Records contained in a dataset

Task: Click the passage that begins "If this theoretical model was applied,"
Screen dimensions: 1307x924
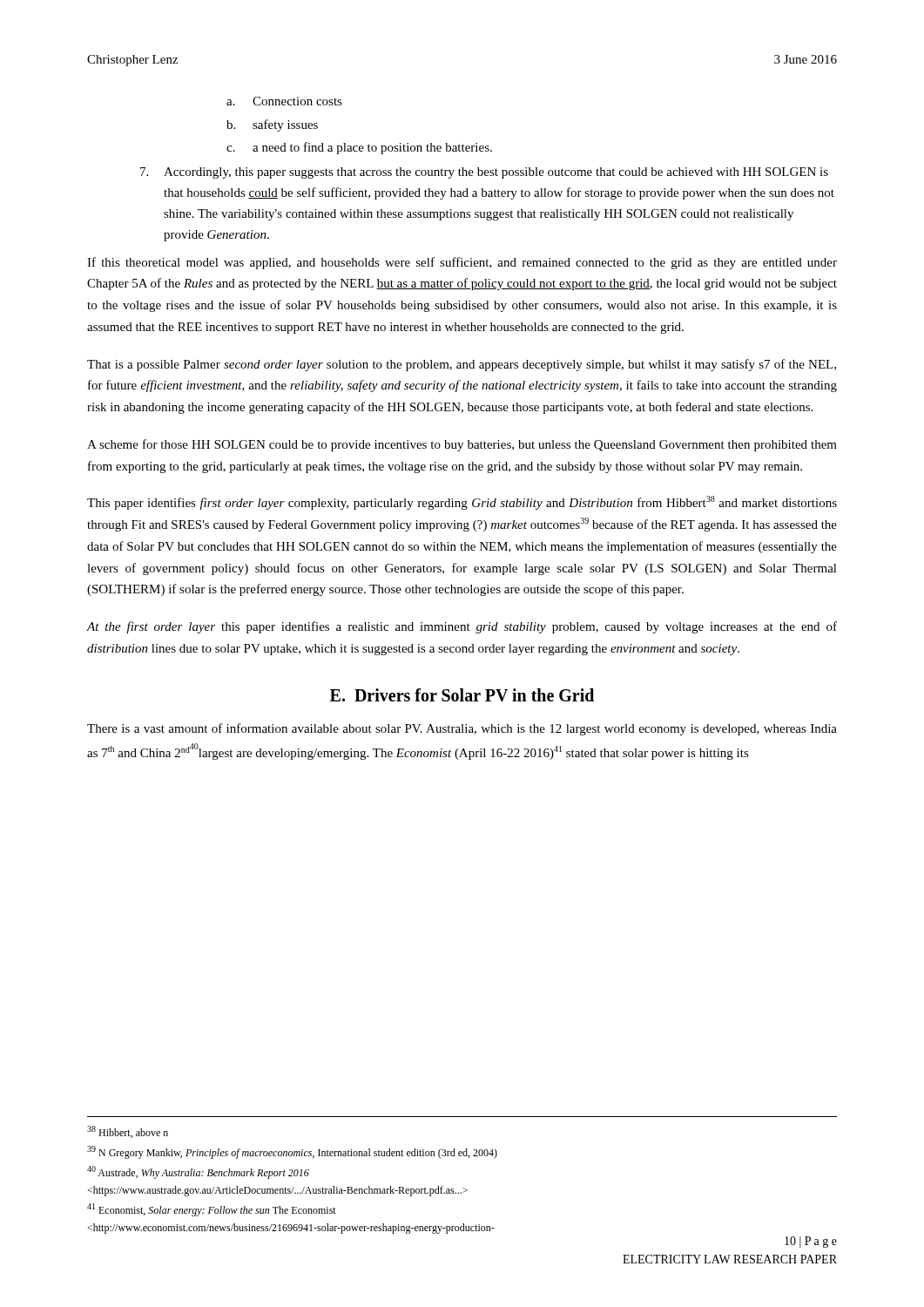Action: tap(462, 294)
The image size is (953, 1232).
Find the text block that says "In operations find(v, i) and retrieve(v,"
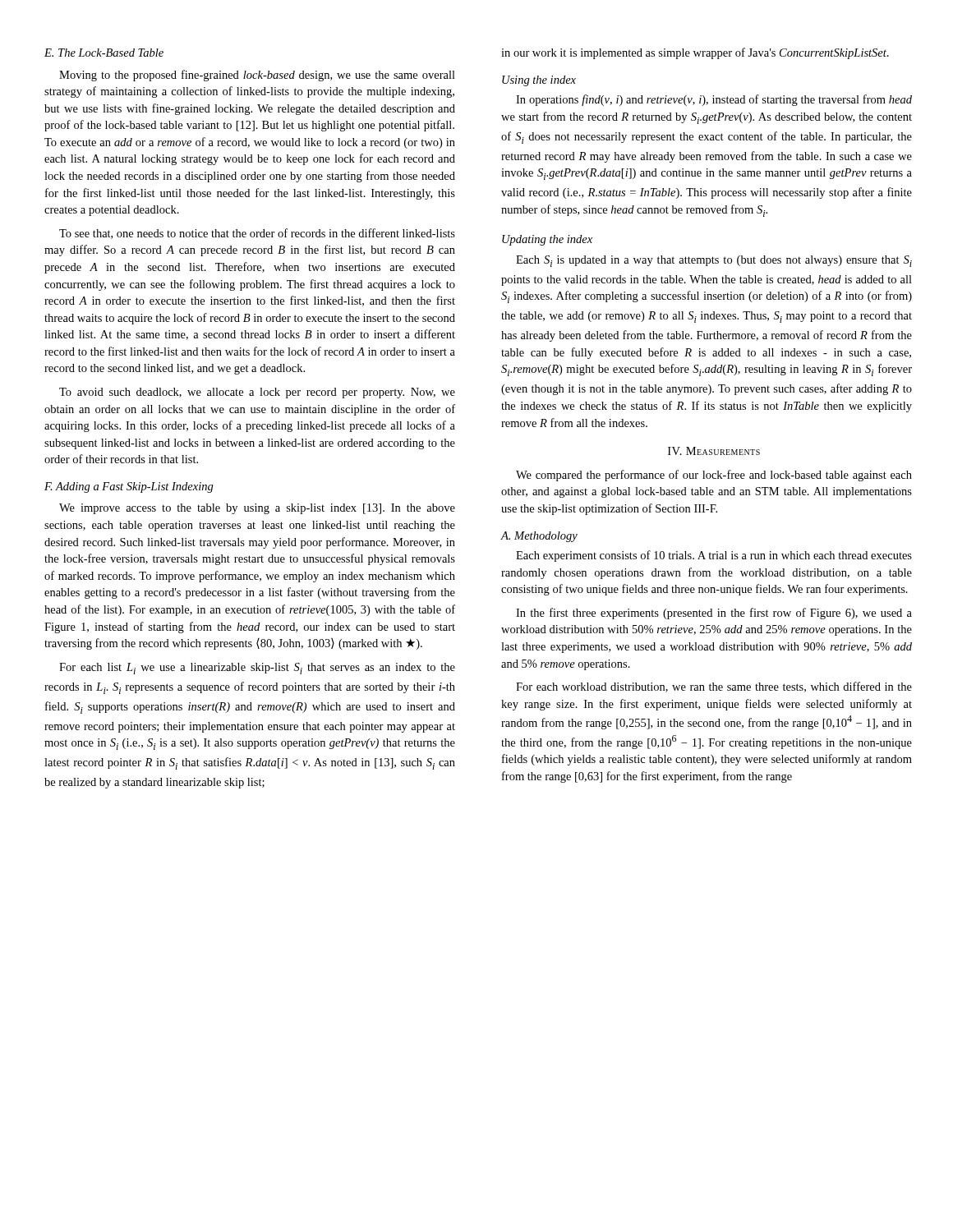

Task directions — With the pictures left out, give again exactly the lines from the one with "Screen dimensions: 1307x924" through the end of the data, both included.

Output of the task —
Screen dimensions: 1307x924
Action: tap(462, 294)
The image size is (953, 1232).
Find the text block that says "In operations find(v, i) and retrieve(v,"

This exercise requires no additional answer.